What you will do
Every line of the listing belongs in your answer exactly as written; the images do not.

Exercise data
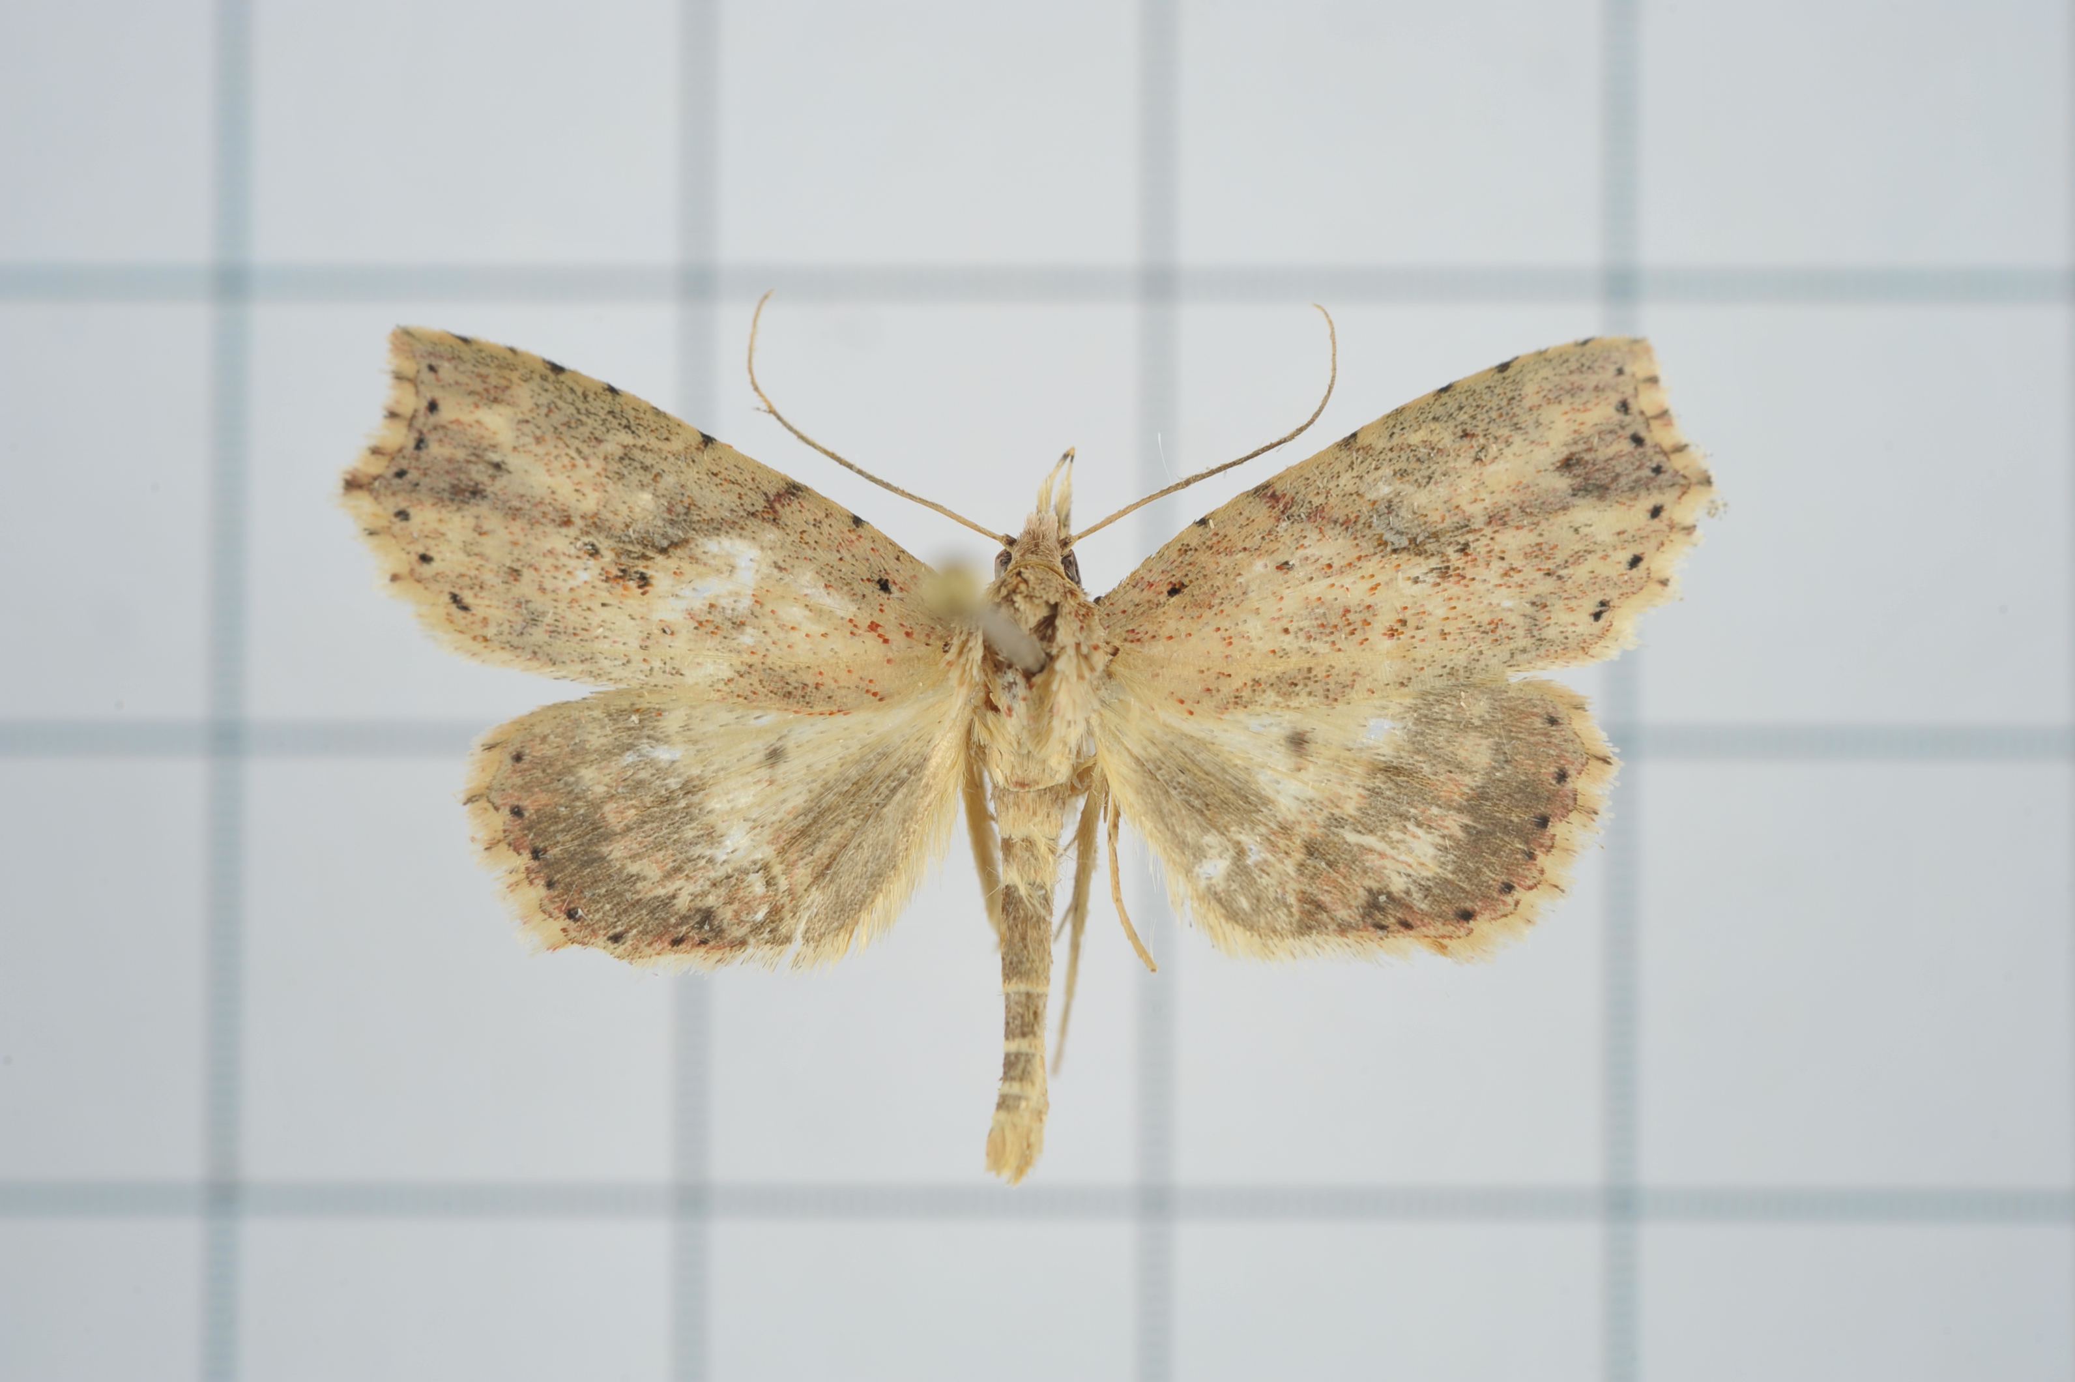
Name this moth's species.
Olulis puncticinctalis
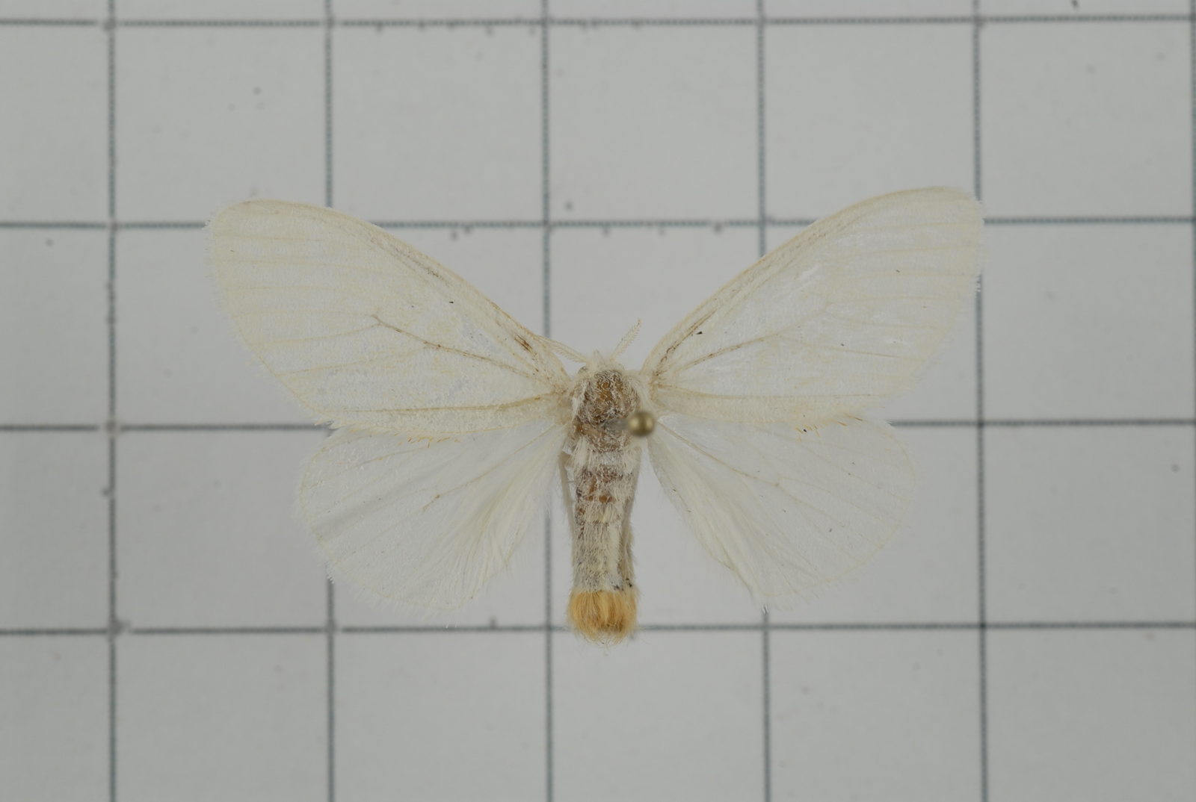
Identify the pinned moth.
Euproctis sericea
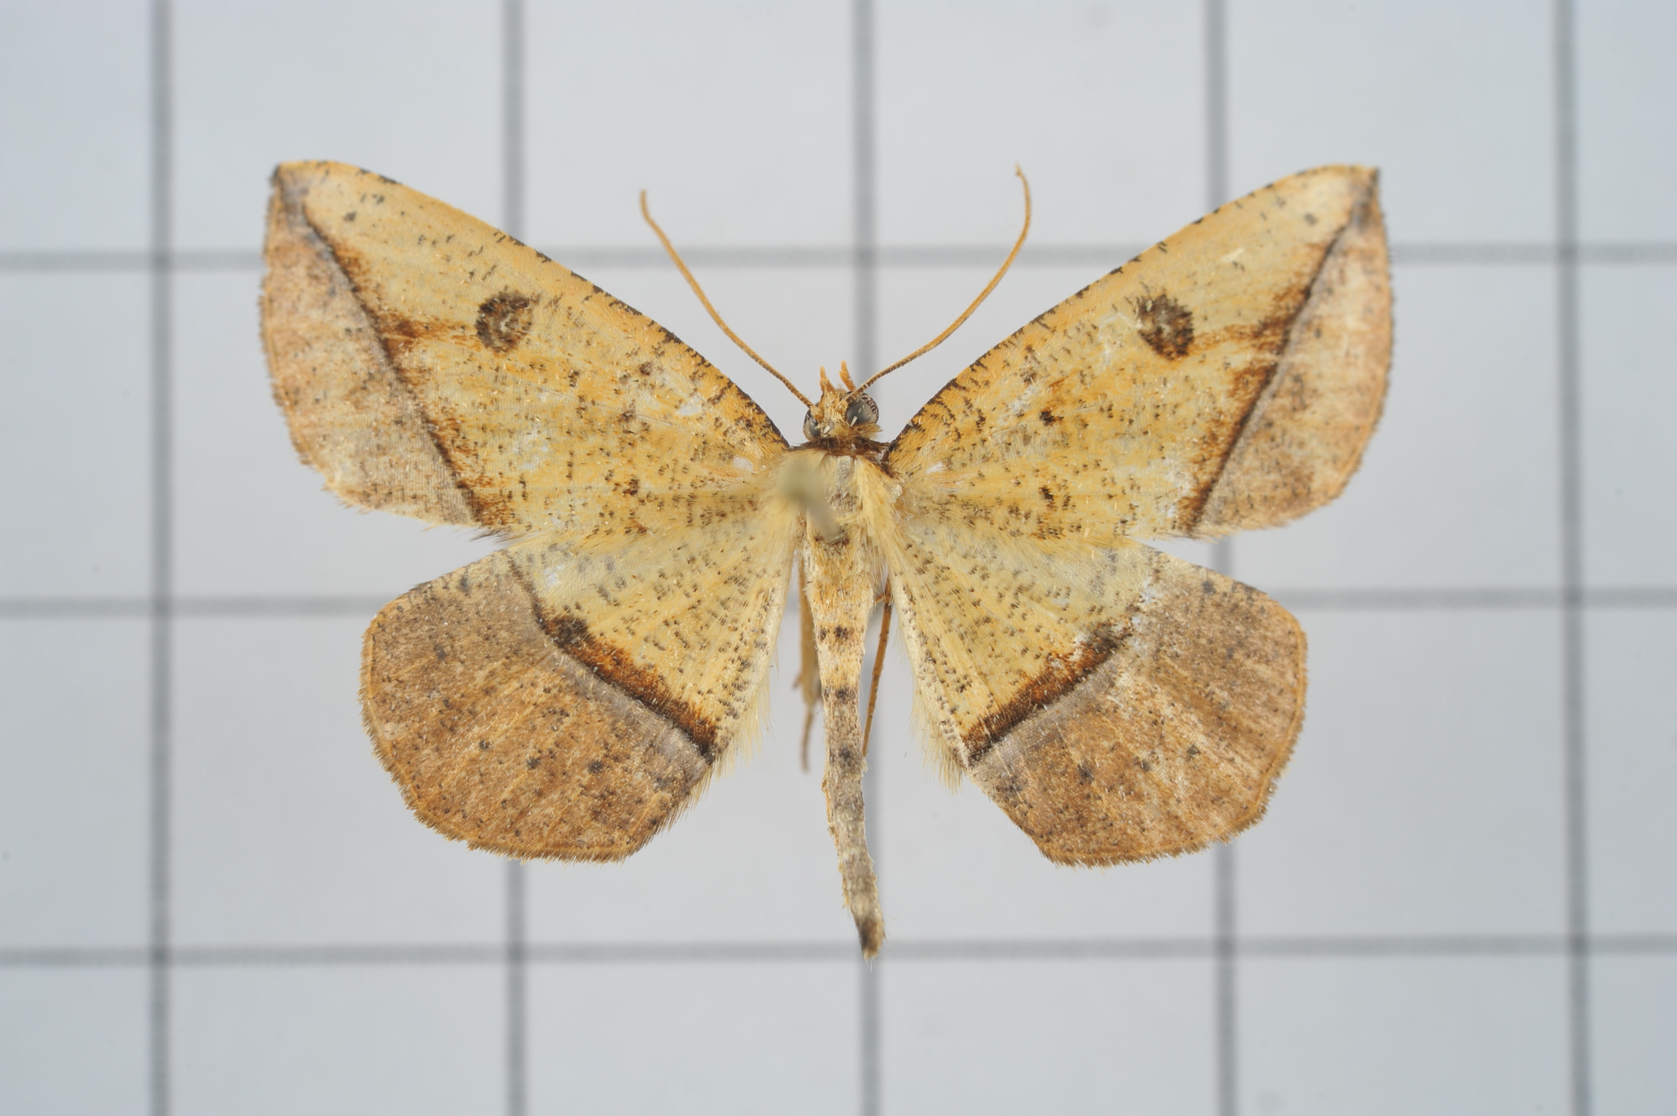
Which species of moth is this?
Entomopteryx rubridisca

Your solution
Name this moth's species.
Olulis puncticinctalis
Identify the pinned moth.
Euproctis sericea
Which species of moth is this?
Entomopteryx rubridisca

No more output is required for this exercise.